#### Input records

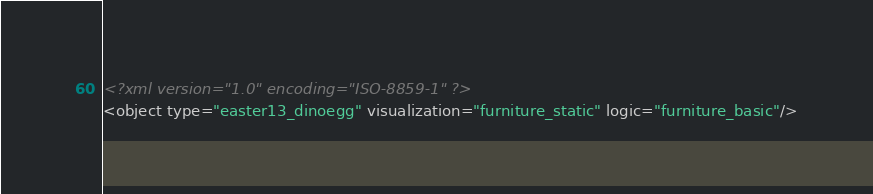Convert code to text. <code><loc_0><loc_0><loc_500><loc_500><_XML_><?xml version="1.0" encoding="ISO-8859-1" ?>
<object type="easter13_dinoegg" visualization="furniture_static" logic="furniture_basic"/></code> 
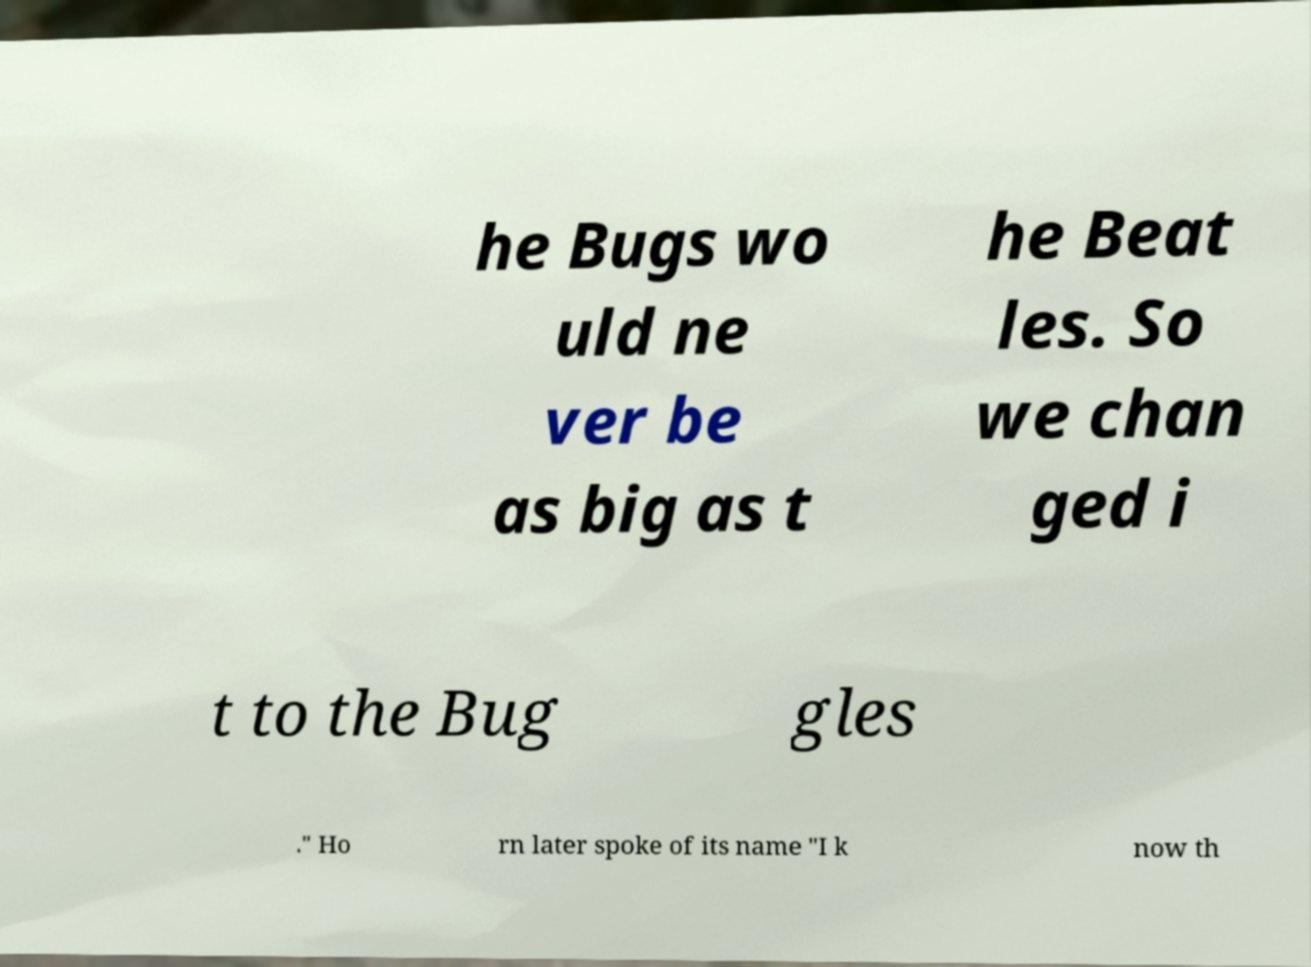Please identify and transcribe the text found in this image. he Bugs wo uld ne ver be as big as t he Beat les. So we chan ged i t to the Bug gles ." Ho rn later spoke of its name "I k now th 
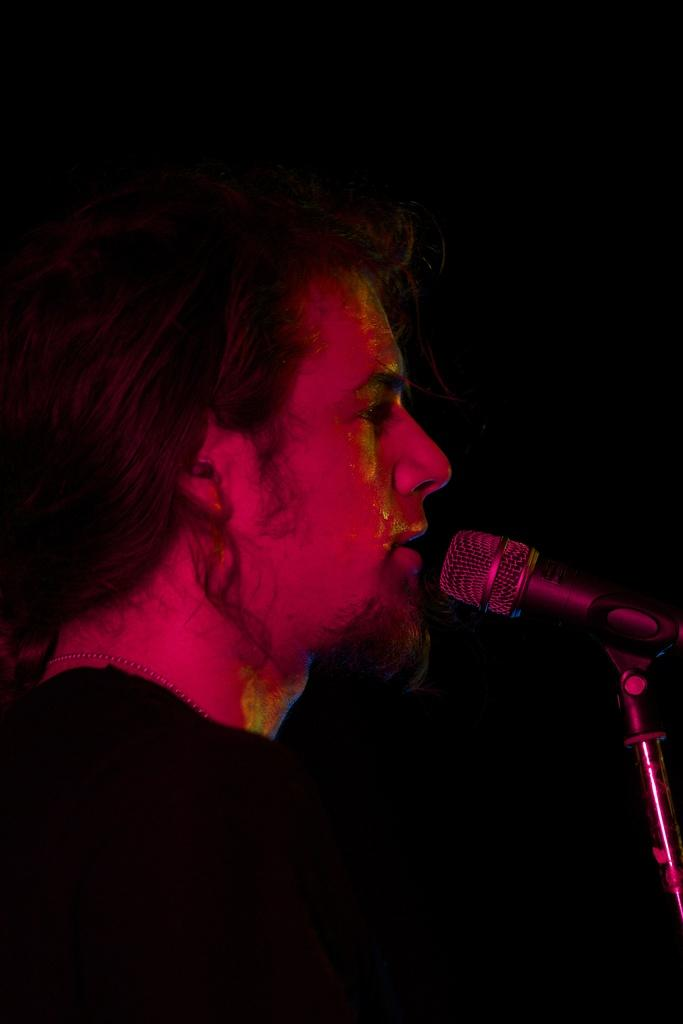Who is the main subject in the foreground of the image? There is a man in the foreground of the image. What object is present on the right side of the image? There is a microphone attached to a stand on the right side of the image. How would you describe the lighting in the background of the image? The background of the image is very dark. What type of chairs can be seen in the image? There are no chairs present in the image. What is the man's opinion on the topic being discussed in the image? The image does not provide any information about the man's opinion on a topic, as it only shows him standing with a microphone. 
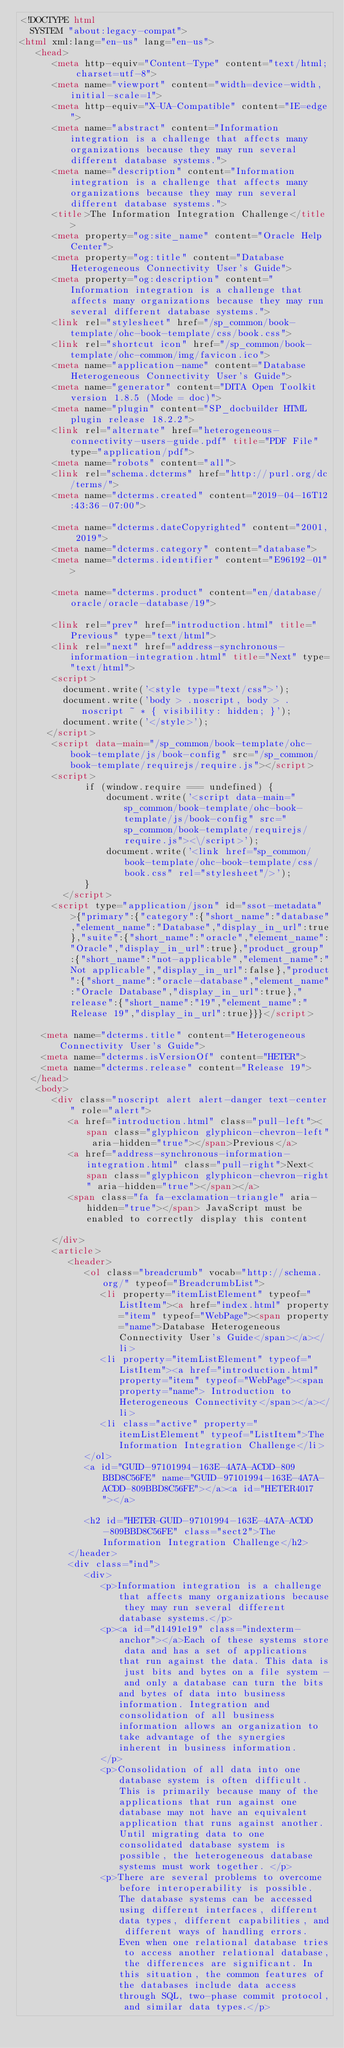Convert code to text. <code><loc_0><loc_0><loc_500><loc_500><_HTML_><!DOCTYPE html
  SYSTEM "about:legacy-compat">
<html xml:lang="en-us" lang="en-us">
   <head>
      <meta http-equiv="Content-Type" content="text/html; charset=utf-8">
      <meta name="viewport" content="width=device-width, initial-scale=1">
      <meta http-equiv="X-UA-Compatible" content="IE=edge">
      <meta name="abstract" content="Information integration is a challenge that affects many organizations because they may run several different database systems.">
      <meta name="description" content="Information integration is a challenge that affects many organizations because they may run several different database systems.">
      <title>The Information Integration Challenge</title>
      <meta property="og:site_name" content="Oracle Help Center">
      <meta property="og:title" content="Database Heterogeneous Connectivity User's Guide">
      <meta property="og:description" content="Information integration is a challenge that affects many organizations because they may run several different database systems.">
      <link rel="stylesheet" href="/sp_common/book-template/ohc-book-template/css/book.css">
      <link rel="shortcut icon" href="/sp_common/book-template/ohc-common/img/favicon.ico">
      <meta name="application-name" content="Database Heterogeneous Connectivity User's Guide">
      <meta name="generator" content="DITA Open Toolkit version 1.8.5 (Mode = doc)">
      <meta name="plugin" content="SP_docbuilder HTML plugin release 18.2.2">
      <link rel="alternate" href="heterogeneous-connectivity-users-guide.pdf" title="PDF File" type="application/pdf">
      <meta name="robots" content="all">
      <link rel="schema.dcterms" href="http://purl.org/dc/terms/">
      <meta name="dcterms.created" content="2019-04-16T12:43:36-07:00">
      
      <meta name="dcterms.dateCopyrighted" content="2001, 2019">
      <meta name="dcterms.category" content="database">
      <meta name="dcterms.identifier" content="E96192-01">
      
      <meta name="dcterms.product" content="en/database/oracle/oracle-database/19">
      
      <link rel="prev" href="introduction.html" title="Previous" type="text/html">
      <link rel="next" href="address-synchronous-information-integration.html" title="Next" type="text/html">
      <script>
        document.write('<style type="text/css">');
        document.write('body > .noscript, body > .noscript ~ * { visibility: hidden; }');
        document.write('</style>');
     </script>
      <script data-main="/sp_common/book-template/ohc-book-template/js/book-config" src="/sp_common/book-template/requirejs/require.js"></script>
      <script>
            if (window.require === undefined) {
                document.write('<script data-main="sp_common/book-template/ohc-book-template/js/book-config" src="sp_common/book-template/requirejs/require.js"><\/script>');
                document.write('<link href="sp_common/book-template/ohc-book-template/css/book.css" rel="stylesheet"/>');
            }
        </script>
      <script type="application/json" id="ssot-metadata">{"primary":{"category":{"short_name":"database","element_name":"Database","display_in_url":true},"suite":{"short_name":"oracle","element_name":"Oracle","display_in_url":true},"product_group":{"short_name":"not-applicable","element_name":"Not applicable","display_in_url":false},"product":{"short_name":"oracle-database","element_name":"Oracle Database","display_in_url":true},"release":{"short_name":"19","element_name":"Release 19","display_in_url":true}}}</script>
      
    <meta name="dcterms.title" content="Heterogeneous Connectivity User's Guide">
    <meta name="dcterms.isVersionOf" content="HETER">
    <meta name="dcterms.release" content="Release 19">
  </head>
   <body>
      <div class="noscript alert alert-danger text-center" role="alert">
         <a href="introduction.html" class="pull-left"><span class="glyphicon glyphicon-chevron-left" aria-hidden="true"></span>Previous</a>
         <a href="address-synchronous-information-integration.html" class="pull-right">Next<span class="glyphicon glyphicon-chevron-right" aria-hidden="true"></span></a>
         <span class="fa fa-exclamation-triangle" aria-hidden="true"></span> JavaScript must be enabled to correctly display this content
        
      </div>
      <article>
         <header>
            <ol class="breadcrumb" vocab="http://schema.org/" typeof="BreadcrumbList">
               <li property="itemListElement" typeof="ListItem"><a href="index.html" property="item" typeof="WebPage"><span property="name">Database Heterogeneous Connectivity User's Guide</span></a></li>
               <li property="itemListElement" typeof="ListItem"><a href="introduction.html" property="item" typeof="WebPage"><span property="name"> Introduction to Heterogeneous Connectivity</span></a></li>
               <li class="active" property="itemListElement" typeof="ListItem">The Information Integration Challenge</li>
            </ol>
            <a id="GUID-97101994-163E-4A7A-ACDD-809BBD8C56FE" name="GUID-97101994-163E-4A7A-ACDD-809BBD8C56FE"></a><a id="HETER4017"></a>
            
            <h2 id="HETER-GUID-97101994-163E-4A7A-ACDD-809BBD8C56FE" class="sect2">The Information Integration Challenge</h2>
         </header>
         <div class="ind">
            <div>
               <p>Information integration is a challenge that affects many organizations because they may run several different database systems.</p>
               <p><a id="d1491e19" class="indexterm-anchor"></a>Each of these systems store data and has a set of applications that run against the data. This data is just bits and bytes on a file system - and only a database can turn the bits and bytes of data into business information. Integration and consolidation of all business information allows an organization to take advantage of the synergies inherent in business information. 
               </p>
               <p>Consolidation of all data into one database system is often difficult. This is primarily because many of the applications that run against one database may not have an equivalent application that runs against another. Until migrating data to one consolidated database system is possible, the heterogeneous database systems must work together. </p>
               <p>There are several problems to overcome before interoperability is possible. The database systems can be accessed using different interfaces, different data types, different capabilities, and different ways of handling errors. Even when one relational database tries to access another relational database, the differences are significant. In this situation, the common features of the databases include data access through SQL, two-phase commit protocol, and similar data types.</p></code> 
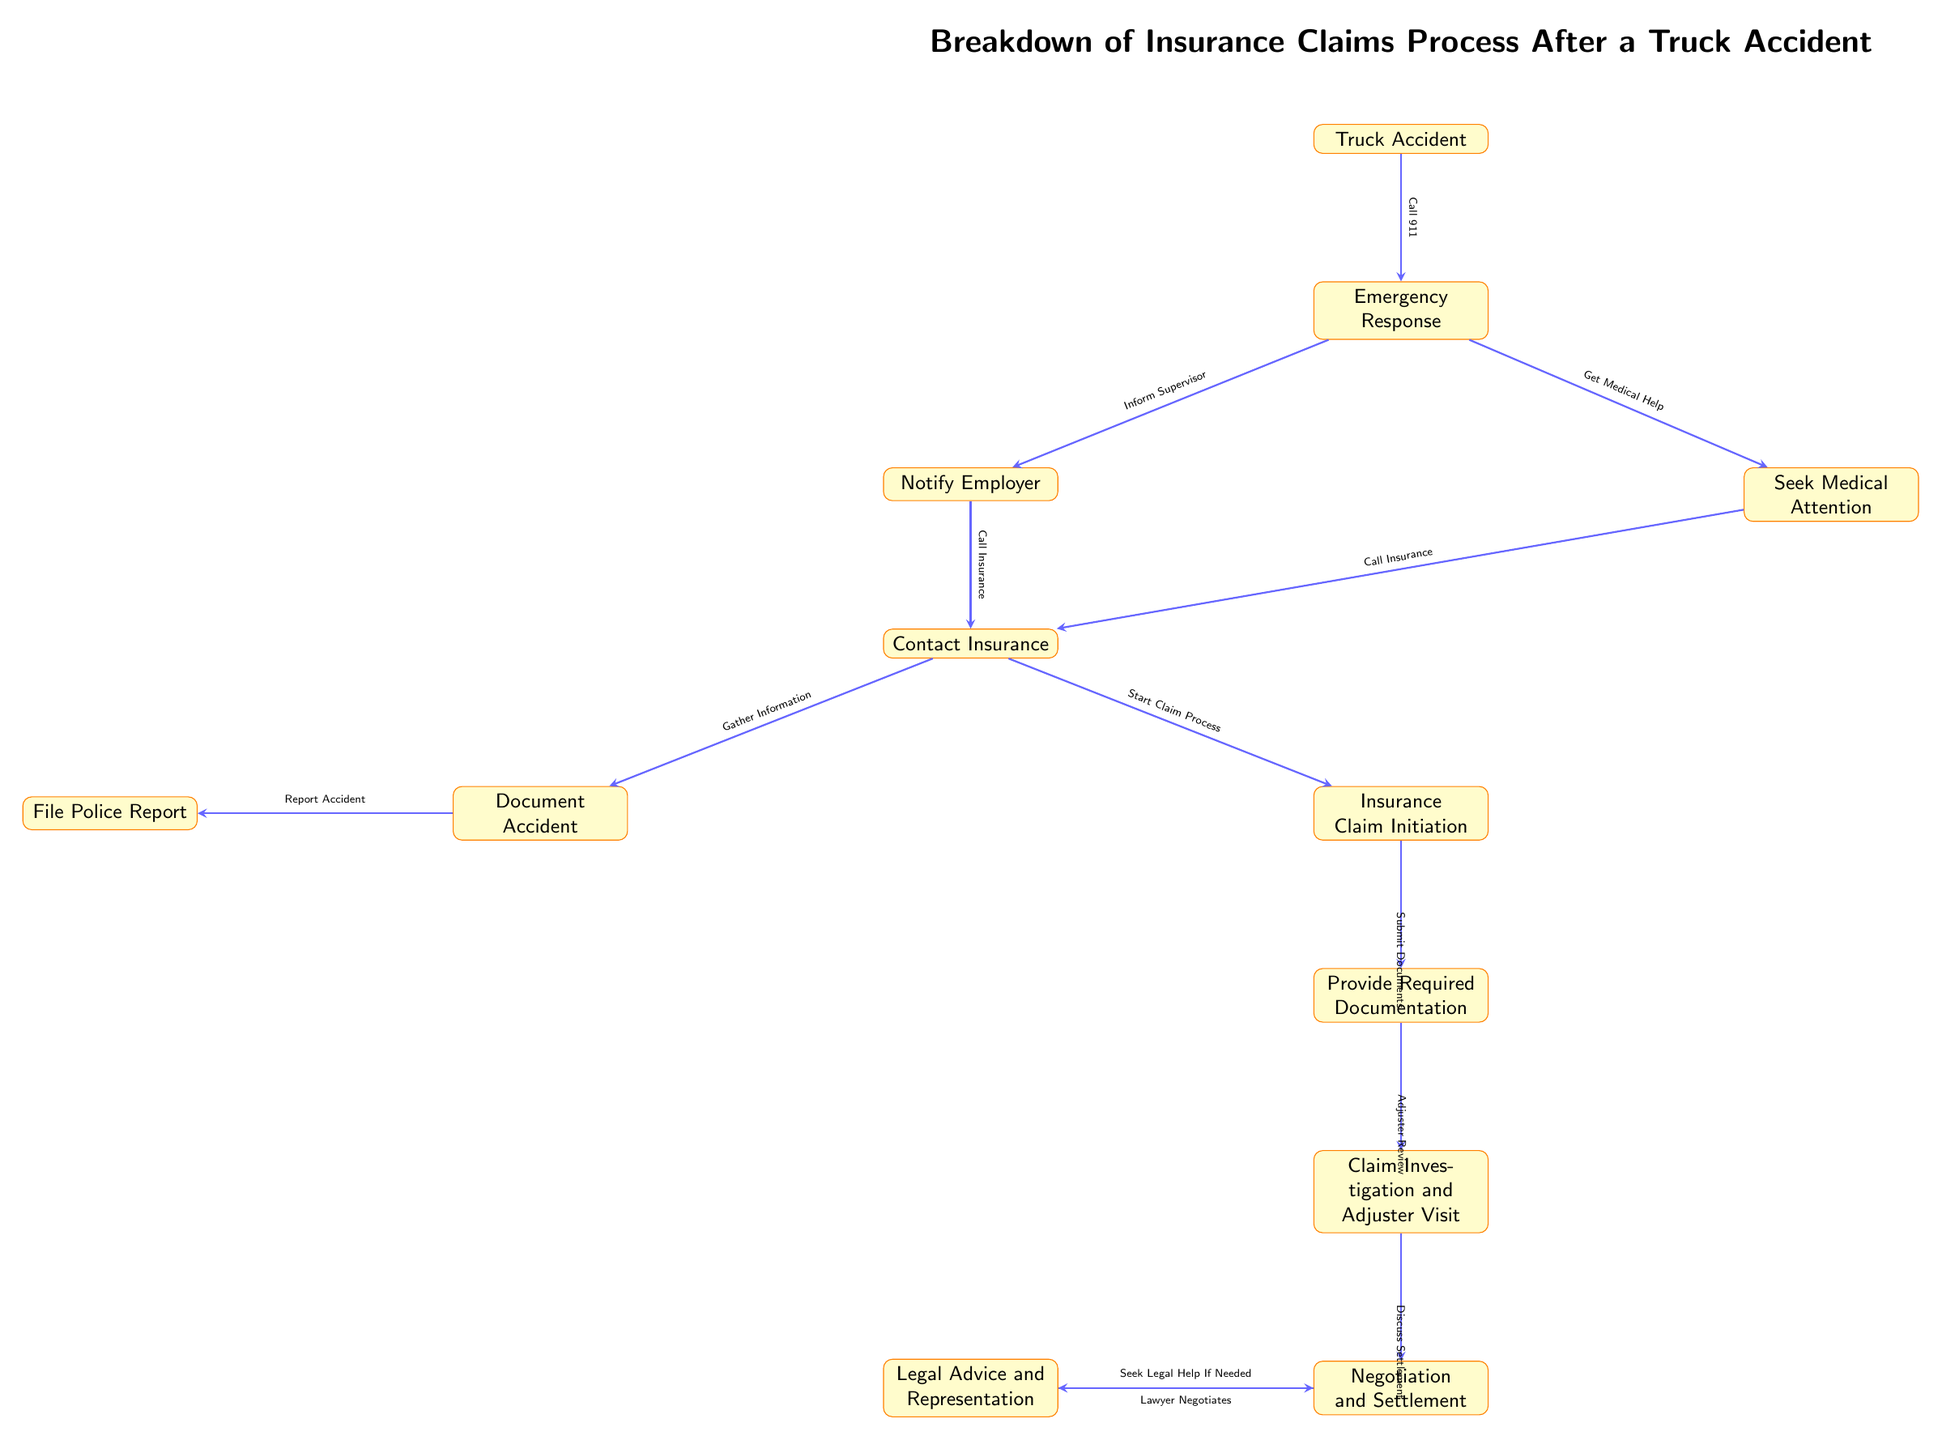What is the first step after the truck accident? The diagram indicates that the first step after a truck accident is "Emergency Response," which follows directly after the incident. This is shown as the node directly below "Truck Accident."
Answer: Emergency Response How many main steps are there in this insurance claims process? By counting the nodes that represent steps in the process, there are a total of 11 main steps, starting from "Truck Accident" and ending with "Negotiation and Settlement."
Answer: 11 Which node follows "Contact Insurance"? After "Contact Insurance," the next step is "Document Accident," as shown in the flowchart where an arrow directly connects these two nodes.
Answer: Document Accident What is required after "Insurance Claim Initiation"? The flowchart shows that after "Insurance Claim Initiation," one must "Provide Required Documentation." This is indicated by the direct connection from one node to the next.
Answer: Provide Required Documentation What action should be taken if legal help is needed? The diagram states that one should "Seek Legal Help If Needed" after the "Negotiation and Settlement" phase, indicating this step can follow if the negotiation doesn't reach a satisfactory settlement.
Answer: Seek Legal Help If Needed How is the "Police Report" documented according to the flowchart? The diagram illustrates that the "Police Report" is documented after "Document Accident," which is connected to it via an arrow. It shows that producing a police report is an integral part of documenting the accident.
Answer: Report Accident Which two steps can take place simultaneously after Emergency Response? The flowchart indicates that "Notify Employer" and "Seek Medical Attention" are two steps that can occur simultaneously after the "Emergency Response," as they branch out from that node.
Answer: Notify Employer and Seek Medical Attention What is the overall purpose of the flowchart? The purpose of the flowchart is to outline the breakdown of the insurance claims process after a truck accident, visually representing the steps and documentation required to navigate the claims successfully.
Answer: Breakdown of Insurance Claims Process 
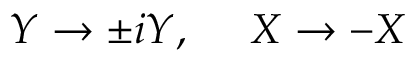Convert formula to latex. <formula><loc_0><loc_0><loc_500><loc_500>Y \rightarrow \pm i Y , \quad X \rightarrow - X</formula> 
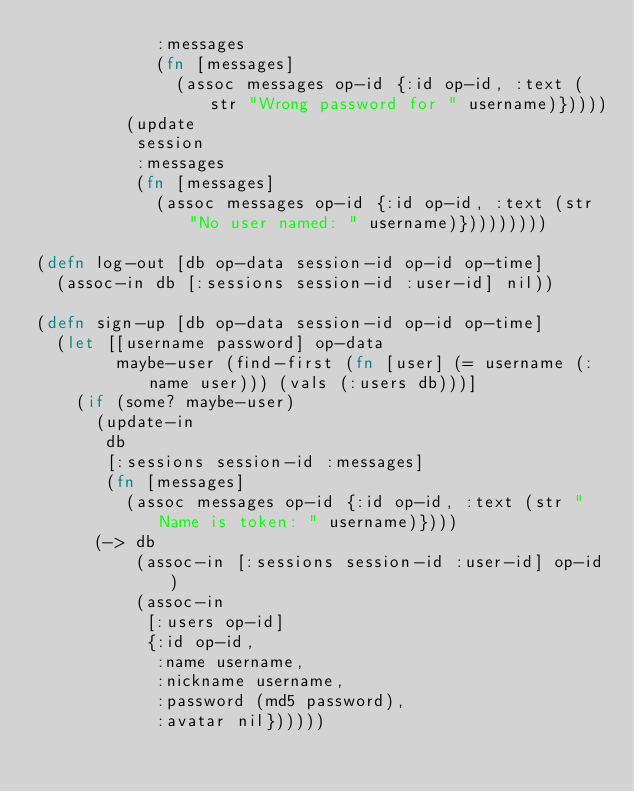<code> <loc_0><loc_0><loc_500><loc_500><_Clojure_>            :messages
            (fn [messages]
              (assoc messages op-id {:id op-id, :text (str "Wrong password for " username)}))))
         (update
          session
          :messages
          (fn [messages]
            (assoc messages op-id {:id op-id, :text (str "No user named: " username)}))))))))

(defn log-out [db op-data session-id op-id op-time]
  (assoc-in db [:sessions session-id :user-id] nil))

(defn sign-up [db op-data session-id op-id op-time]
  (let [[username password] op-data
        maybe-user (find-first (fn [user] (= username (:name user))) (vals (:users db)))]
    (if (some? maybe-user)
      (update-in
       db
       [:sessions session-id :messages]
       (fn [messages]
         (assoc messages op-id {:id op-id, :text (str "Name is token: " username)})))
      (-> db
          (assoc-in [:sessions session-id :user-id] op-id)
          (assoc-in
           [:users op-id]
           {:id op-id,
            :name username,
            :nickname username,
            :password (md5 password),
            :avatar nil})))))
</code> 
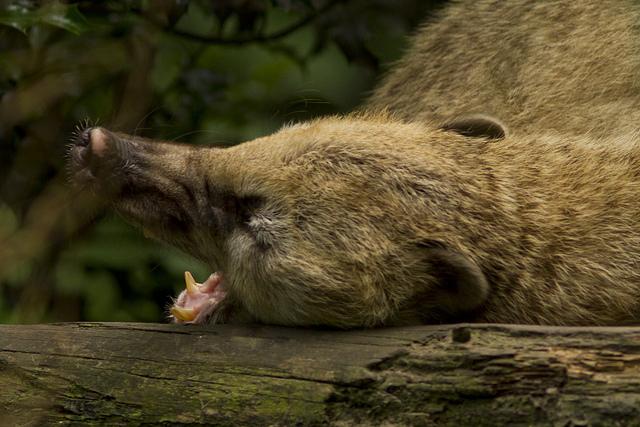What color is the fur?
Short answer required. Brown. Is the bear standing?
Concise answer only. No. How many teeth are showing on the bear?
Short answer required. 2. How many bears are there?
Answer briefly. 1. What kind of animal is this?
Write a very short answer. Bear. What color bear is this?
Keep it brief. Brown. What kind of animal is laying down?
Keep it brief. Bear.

########

Your assignment. With the string "users" as the key, filter the data above and show the lines that match.

Answer below.
      <link rel="alternate" href="heterogeneous-connectivity-users-guide.pdf" title="PDF File" type="application/pdf">
        maybe-user (find-first (fn [user] (= username (:name user))) (vals (:users db)))]
           [:users op-id]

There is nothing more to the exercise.